И побежала по коже слезная изморозь страха, и привычно кинулось в голову — соберись, Анька, тряпка! Потом, потом будешь плакать, себя жалеть. А сейчас перебороть себя надо, остановиться под ужасающий скрип тормозов. Давай, ты можешь, Анька.

Так. Значит, мысль первая, самая здравая — это очень хорошо, что мама приезжает. Очень вовремя, главное. Близкий человек рядом — это же здорово. Особенно в такой момент. Мать — самый близкий человек. Ближе некуда. И хорошо, и спасибо ей…

Закрыла окно, шагнула к дивану, села. И поплыл в голове предстоящий трудный разговор…

— А знаешь, мам, у меня ведь беда.

— Что такое, доченька, что случилось?

— У меня онкология, мама. В понедельник в больницу ложусь на обследование. Потом операция, потом химия…

— О, господи… Ну как же так, доченька… Ты меня просто убила сейчас… Как же так? Нет-нет, я этого просто не переживу, я не смогу…

— Мама, возьми себя в руки. Не плачь, пожалуйста. Все будет хорошо, я справлюсь.

— Нет, ты не понимаешь! Ты не понимаешь, как я за тебя волнуюсь! У меня сейчас сердце разорвется от горя! Я всю жизнь только и делаю, что переживаю за тебя, и вот, пожалуйста… Не было дня, чтоб я не думала о тебе… Нет, я не переживу этого, не переживу! Я умру от горя…

Да, наверное, все именно так и будет. И залитое слезами мамино лицо, и тихий голос, и отчаянные глаза. И ее растущее изнутри раздражение, как защитная стена. И желание произнести сердито:

— Мам, прекрати… Скажи мне еще — как ты посмела, дочь, я же волнуюсь… Как тебе не стыдно меня огорчать, я же так за тебя всегда переживала… Ну послушай себя, мама, в конце-то концов! Я — волнуюсь! Волнуюсь — я! Это же невыносимо, мам!

Конечно, ничего такого она ей не скажет. Потому что мама не поймет, не услышит. Будет плакать, смотреть сладко-горестно. Ах, какое же у меня горе, мое горе горше всех, и даже дочь, бессердечная, не слышит моего горя…

Ох уж этот знакомый с детства горбик собственной пристыженности! И сейчас дает о себе знать, вызывает стойкий, но молчаливый протест. И никуда от этого горбика не деться. Нет, Иван, ты не прав, не услышит она… Лучше уж так — терпеть, идти с горбиком дальше.

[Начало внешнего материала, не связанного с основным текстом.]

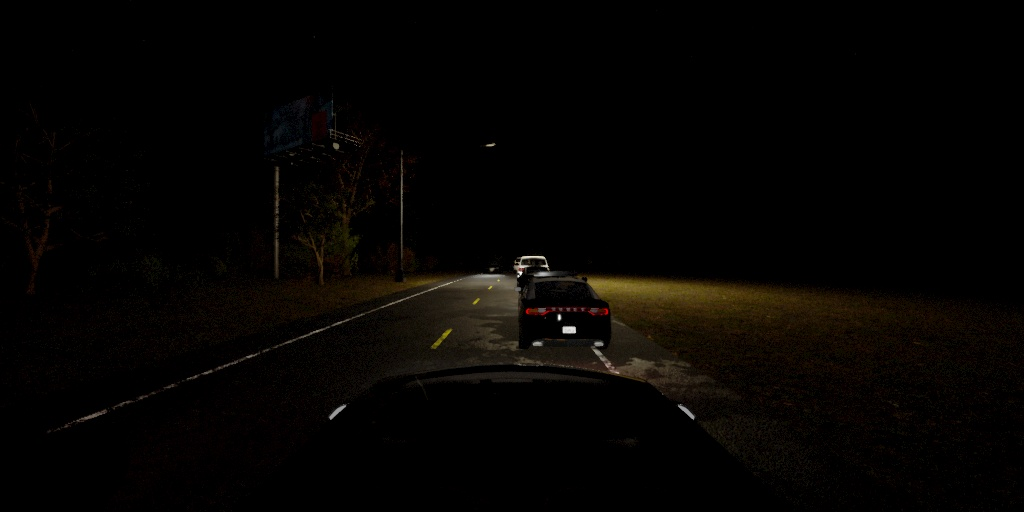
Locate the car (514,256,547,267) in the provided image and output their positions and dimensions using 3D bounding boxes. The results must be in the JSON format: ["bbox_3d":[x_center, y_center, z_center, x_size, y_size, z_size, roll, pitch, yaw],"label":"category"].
[{"bbox_3d":[1.446,1.044,25.151,2.150,2.045,5.566,0,0,2],"label":"car"}]

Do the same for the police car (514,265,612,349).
[{"bbox_3d":[1.100,1.184,9.286,1.930,1.638,5.238,0,0,1],"label":"police car"}]

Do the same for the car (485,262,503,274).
[{"bbox_3d":[-2.229,1.456,44.441,2.128,1.511,4.902,0,0,3],"label":"car"}]

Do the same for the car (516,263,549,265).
[{"bbox_3d":[1.277,1.296,19.142,1.837,1.490,4.892,0,0,1],"label":"car"}]

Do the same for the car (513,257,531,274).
[{"bbox_3d":[1.395,1.203,46.496,2.150,2.045,5.566,0,0,4],"label":"car"}]
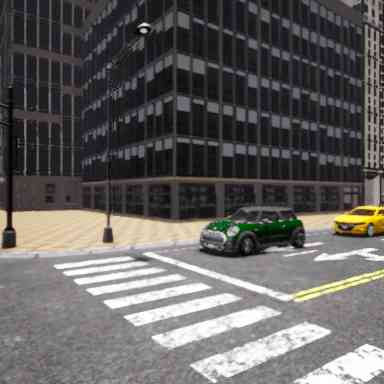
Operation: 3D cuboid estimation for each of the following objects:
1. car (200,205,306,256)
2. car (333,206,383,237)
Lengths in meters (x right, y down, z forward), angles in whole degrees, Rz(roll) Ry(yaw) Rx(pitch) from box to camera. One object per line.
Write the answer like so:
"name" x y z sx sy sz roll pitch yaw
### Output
"car" 2.518 1.397 13.459 4.553 1.767 2.097 0 0 -36
"car" 9.997 1.573 18.794 5.008 1.535 1.882 0 0 -35
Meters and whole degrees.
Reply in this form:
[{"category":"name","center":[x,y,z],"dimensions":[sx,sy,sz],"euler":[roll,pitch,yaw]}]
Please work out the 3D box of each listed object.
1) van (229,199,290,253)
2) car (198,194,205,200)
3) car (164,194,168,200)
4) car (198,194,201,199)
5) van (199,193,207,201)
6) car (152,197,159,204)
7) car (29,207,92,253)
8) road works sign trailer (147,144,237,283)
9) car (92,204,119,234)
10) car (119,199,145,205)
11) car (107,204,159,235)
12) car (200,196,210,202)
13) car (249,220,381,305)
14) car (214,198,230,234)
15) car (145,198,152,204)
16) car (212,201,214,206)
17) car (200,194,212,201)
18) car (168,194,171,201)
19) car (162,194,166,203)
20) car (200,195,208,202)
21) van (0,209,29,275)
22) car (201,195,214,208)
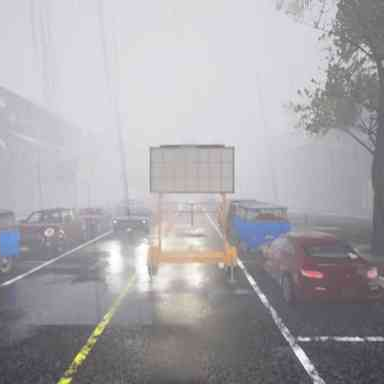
[{"category":"van","center":[2.674,1.312,13.305],"dimensions":[1.690,1.788,3.998],"euler":[-1,0,0]},{"category":"car","center":[2.619,1.323,91.152],"dimensions":[1.752,1.417,4.829],"euler":[-1,0,0]},{"category":"car","center":[-5.737,1.455,57.684],"dimensions":[1.802,1.307,4.206],"euler":[-1,0,0]},{"category":"car","center":[2.641,1.188,57.692],"dimensions":[2.192,1.841,5.009],"euler":[-1,0,0]},{"category":"van","center":[2.625,1.164,79.885],"dimensions":[1.690,1.788,3.998],"euler":[-1,0,0]},{"category":"car","center":[-5.728,1.480,46.587],"dimensions":[1.802,1.307,4.206],"euler":[-1,0,0]},{"category":"car","center":[-5.705,1.411,13.297],"dimensions":[1.967,1.590,4.097],"euler":[-1,0,0]},{"category":"road works sign trailer","center":[0.003,0.443,9.581],"dimensions":[2.380,3.560,2.880],"euler":[0,0,0]},{"category":"car","center":[-5.708,1.504,18.846],"dimensions":[1.887,1.381,4.507],"euler":[-1,0,0]},{"category":"car","center":[-5.718,1.375,29.942],"dimensions":[1.967,1.590,4.097],"euler":[-1,0,0]},{"category":"car","center":[-3.116,1.560,18.740],"dimensions":[1.895,1.301,4.718],"euler":[0,0,0]},{"category":"car","center":[2.636,1.430,68.789],"dimensions":[1.802,1.307,4.206],"euler":[-1,0,0]},{"category":"car","center":[2.681,1.565,7.757],"dimensions":[1.802,1.307,4.206],"euler":[-1,0,0]},{"category":"car","center":[2.670,1.274,18.853],"dimensions":[2.192,1.841,5.009],"euler":[-1,0,0]},{"category":"car","center":[-5.720,1.467,35.490],"dimensions":[1.887,1.381,4.507],"euler":[-1,0,0]},{"category":"car","center":[2.668,1.529,24.402],"dimensions":[1.802,1.307,4.206],"euler":[-1,0,0]},{"category":"car","center":[2.648,1.411,52.313],"dimensions":[1.752,1.417,4.829],"euler":[-1,0,0]},{"category":"car","center":[-5.751,1.151,74.328],"dimensions":[2.192,1.841,5.009],"euler":[-1,0,0]},{"category":"car","center":[-5.733,1.436,52.135],"dimensions":[2.008,1.369,4.403],"euler":[-1,0,0]},{"category":"car","center":[2.631,1.361,74.507],"dimensions":[1.752,1.417,4.829],"euler":[-1,0,0]},{"category":"van","center":[-5.702,1.324,7.748],"dimensions":[1.690,1.788,3.998],"euler":[-1,0,0]},{"category":"car","center":[2.652,1.464,46.595],"dimensions":[1.947,1.339,4.313],"euler":[-1,0,0]}]
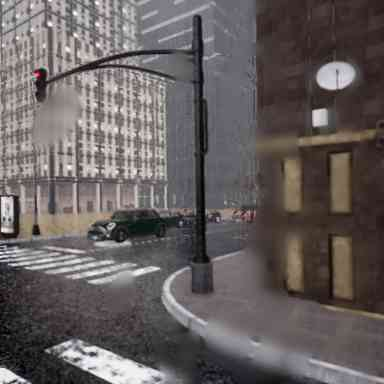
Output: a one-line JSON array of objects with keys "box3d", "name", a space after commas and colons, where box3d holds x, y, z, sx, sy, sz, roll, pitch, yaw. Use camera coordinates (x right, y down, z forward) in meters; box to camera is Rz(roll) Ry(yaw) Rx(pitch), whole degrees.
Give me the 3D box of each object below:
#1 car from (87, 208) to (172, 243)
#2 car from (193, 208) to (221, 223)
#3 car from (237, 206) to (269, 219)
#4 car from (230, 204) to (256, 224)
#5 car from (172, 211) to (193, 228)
[{"box3d": [-3.549, 1.748, 18.557, 2.097, 1.767, 4.553, -2, -2, 37], "name": "car"}, {"box3d": [0.972, 2.163, 29.598, 2.008, 1.369, 4.403, -2, -2, 35], "name": "car"}, {"box3d": [7.023, 2.299, 38.093, 1.887, 1.381, 4.507, -2, -2, 35], "name": "car"}, {"box3d": [5.312, 1.956, 31.016, 2.097, 1.767, 4.553, -1, -2, 35], "name": "car"}, {"box3d": [-2.239, 2.086, 25.047, 2.008, 1.369, 4.403, -2, -2, 35], "name": "car"}]
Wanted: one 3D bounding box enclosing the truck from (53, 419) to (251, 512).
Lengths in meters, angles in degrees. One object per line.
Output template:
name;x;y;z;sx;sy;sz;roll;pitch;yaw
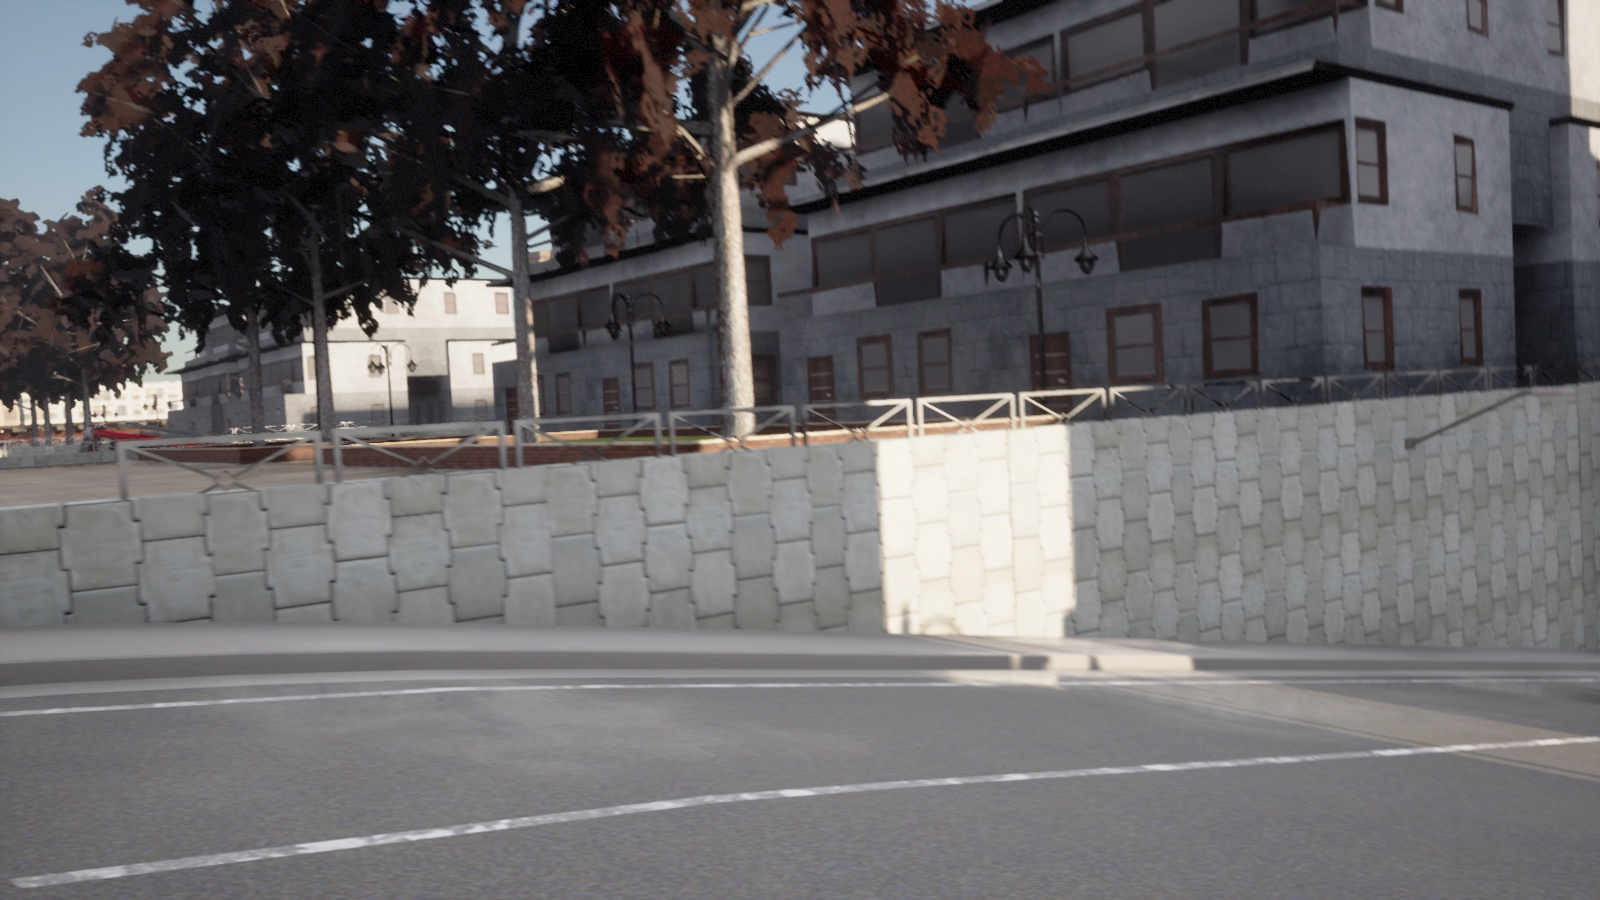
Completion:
truck;-33.796;0.879;65.673;8.468;3.827;2.891;9;-5;-36
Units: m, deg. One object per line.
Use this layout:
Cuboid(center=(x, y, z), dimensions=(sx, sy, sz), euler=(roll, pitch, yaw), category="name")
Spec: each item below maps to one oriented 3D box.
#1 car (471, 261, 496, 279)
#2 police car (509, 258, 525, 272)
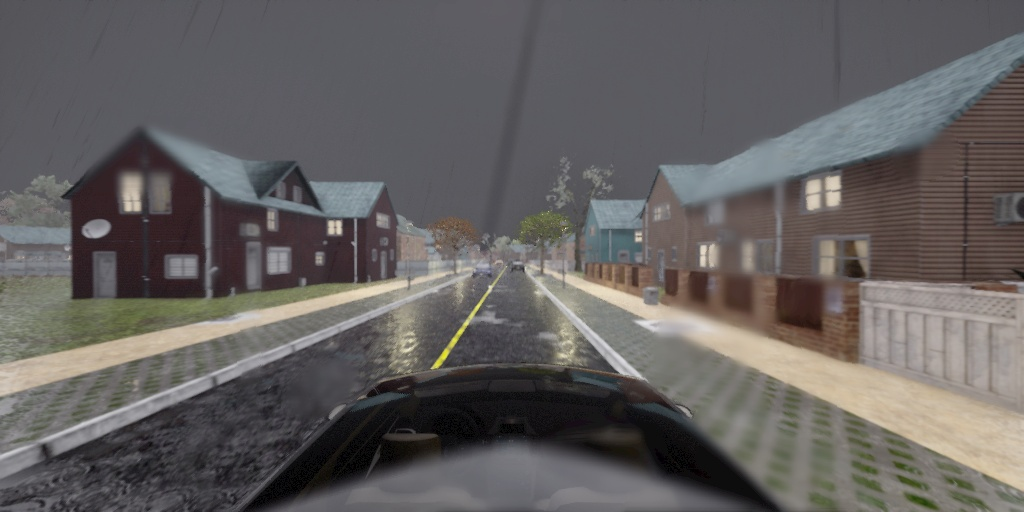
Cuboid(center=(-2.831, 1.432, 35.591), dimensions=(1.812, 1.442, 4.674), euler=(0, 0, 0), category="car")
Cuboid(center=(0.838, 1.429, 50.851), dimensions=(1.930, 1.638, 5.238), euler=(0, 0, 0), category="police car")
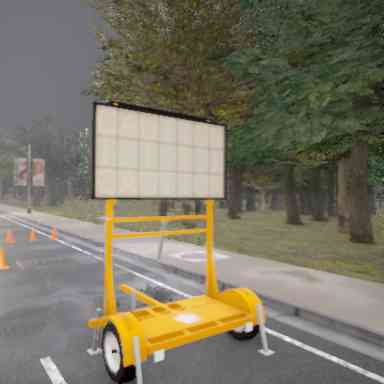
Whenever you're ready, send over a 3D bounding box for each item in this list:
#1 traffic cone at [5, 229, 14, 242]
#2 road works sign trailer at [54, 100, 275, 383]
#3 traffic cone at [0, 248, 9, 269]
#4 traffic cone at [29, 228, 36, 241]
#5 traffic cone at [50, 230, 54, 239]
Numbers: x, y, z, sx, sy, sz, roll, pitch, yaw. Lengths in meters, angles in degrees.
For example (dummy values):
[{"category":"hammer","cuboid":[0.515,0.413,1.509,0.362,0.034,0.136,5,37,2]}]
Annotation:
[{"category":"traffic cone","cuboid":[-8.532,2.036,15.556,0.340,0.580,0.340,1,-1,-36]},{"category":"road works sign trailer","cuboid":[-0.522,0.520,5.313,2.380,3.560,2.880,1,-1,-36]},{"category":"traffic cone","cuboid":[-5.790,2.007,10.126,0.340,0.580,0.340,1,-1,-36]},{"category":"traffic cone","cuboid":[-7.726,2.051,16.147,0.340,0.580,0.340,1,-1,-36]},{"category":"traffic cone","cuboid":[-6.919,2.065,16.738,0.340,0.580,0.340,1,-1,-36]}]
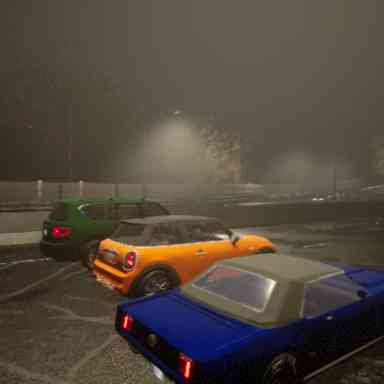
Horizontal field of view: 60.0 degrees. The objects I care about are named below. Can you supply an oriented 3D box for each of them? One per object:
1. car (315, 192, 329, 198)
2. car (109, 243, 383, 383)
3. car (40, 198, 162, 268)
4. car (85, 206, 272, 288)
[{"bbox_3d":[30.220,0.799,78.308,1.895,1.301,4.718,0,1,32],"label":"car"},{"bbox_3d":[1.460,1.601,4.789,4.718,1.301,1.895,0,0,-35],"label":"car"},{"bbox_3d":[-1.946,1.221,10.956,5.566,2.045,2.150,0,0,-35],"label":"car"},{"bbox_3d":[0.061,1.352,8.088,4.553,1.767,2.097,0,0,-35],"label":"car"}]
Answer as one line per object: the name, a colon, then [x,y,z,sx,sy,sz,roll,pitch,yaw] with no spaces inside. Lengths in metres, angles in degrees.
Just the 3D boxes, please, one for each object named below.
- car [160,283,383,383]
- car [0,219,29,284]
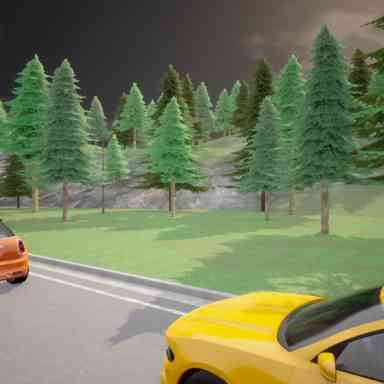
car: [1.990,1.478,2.571,5.008,1.535,1.882,0,0,35]
car: [-6.136,1.352,8.342,4.553,1.767,2.097,0,0,35]
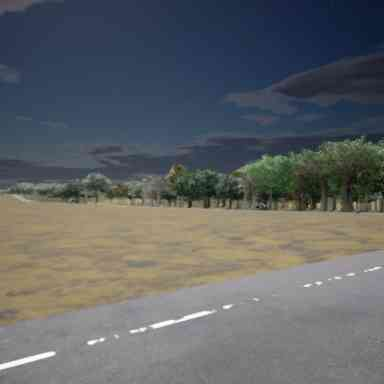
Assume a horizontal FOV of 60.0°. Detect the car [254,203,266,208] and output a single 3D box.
[{"bbox_3d":[17.269,3.552,83.240,2.097,1.767,4.553,2,-3,-33],"label":"car"}]
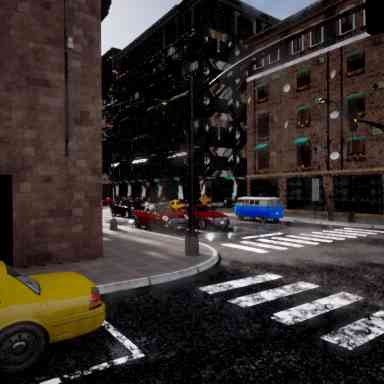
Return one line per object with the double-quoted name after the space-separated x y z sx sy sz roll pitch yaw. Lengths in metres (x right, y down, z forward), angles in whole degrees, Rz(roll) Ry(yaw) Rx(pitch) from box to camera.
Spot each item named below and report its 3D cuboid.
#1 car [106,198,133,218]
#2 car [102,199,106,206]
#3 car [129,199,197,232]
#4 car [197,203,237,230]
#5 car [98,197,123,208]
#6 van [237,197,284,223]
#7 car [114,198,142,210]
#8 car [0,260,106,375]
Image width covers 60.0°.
-5.608 1.472 29.579 1.837 1.490 4.892 -1 1 -36 "car"
-14.368 1.429 46.970 2.128 1.511 4.902 -1 0 -35 "car"
-1.863 1.440 20.030 1.967 1.590 4.097 0 0 -36 "car"
0.437 1.508 21.274 1.812 1.442 4.674 -1 0 -34 "car"
-11.725 1.462 47.837 1.887 1.381 4.507 -1 0 -36 "car"
4.926 1.280 24.944 1.690 1.788 3.998 0 0 -36 "van"
-8.395 1.463 43.258 1.887 1.381 4.507 -1 0 -36 "car"
-3.554 1.525 4.029 4.829 1.417 1.752 0 0 -36 "car"
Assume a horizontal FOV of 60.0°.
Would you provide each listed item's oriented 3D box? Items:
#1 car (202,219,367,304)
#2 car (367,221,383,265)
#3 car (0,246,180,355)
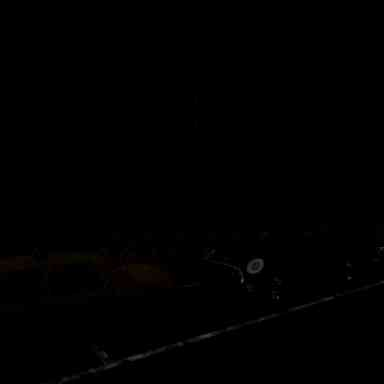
[{"bbox_3d":[2.212,1.507,8.223,4.097,1.590,1.967,1,0,-35],"label":"car"},{"bbox_3d":[6.771,1.670,11.475,4.507,1.381,1.887,1,0,-35],"label":"car"},{"bbox_3d":[-2.488,1.532,4.871,4.829,1.417,1.752,1,0,-35],"label":"car"}]
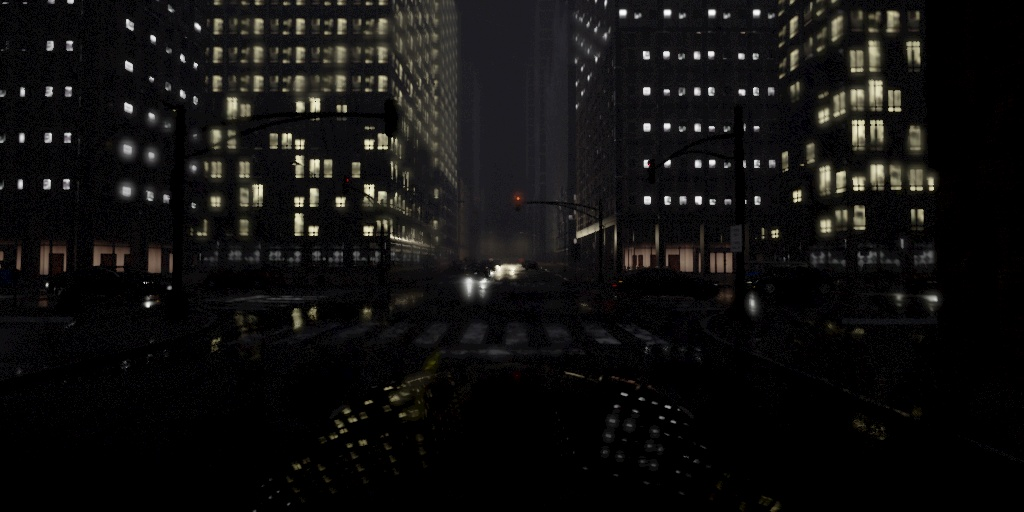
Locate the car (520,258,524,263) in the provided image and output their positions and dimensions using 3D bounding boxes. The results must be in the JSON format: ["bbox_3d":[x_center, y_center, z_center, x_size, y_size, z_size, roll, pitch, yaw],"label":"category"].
[{"bbox_3d":[2.675,1.277,60.143,1.751,1.417,4.829,0,0,0],"label":"car"}]

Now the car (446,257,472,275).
[{"bbox_3d":[-5.700,1.190,37.602,1.967,1.591,4.097,0,0,0],"label":"car"}]

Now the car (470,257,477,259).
[{"bbox_3d":[-5.704,1.066,48.753,2.192,1.841,5.009,0,0,0],"label":"car"}]

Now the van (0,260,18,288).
[{"bbox_3d":[-33.444,1.125,22.196,3.998,1.789,1.690,0,0,0],"label":"van"}]

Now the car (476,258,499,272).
[{"bbox_3d":[-3.110,1.298,46.517,2.033,1.411,5.357,0,0,0],"label":"car"}]

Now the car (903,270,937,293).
[{"bbox_3d":[24.348,1.307,19.503,5.008,1.535,1.882,0,-1,0],"label":"car"}]

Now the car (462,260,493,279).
[{"bbox_3d":[-3.110,1.314,32.813,1.994,1.385,4.181,0,0,0],"label":"car"}]

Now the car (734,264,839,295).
[{"bbox_3d":[14.868,1.315,19.526,4.892,1.490,1.837,0,-1,0],"label":"car"}]

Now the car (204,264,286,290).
[{"bbox_3d":[-16.498,1.248,22.163,4.097,1.591,1.967,0,0,0],"label":"car"}]

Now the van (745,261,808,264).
[{"bbox_3d":[15.975,1.203,22.098,3.998,1.789,1.690,0,0,0],"label":"van"}]

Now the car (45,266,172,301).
[{"bbox_3d":[-18.091,1.186,16.390,4.902,1.511,2.128,0,-1,0],"label":"car"}]

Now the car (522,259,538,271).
[{"bbox_3d":[2.677,1.333,48.817,1.802,1.307,4.207,0,0,0],"label":"car"}]

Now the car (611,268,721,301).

И, словно в ответ, зазвучали в голове слова Ивана — нельзя терпеть! Надо разговаривать, надо ссориться, надо кричать в конце концов! Надо биться эмоциями! А бежать — это совсем не выход… Это усугубление, если хотите…

Ожил на тумбочке, запел свою песню мобильник, и она бросилась на его зов благодарно. Тем более родное имя на дисплее высветилось — Антон…

— Доброе утро, мам!

— Доброе, сынок…

— Мам, а в котором часу бабушкин поезд приходит, я вчера забыл спросить?

— Вечером, в половине восьмого…

— Ага, понял! Ну, ты не волнуйся, я встречу! Я сегодня коллоквиум по квантовой механике спихнул, мам!

— Да ты что?! Молодец, поздравляю! Горжусь!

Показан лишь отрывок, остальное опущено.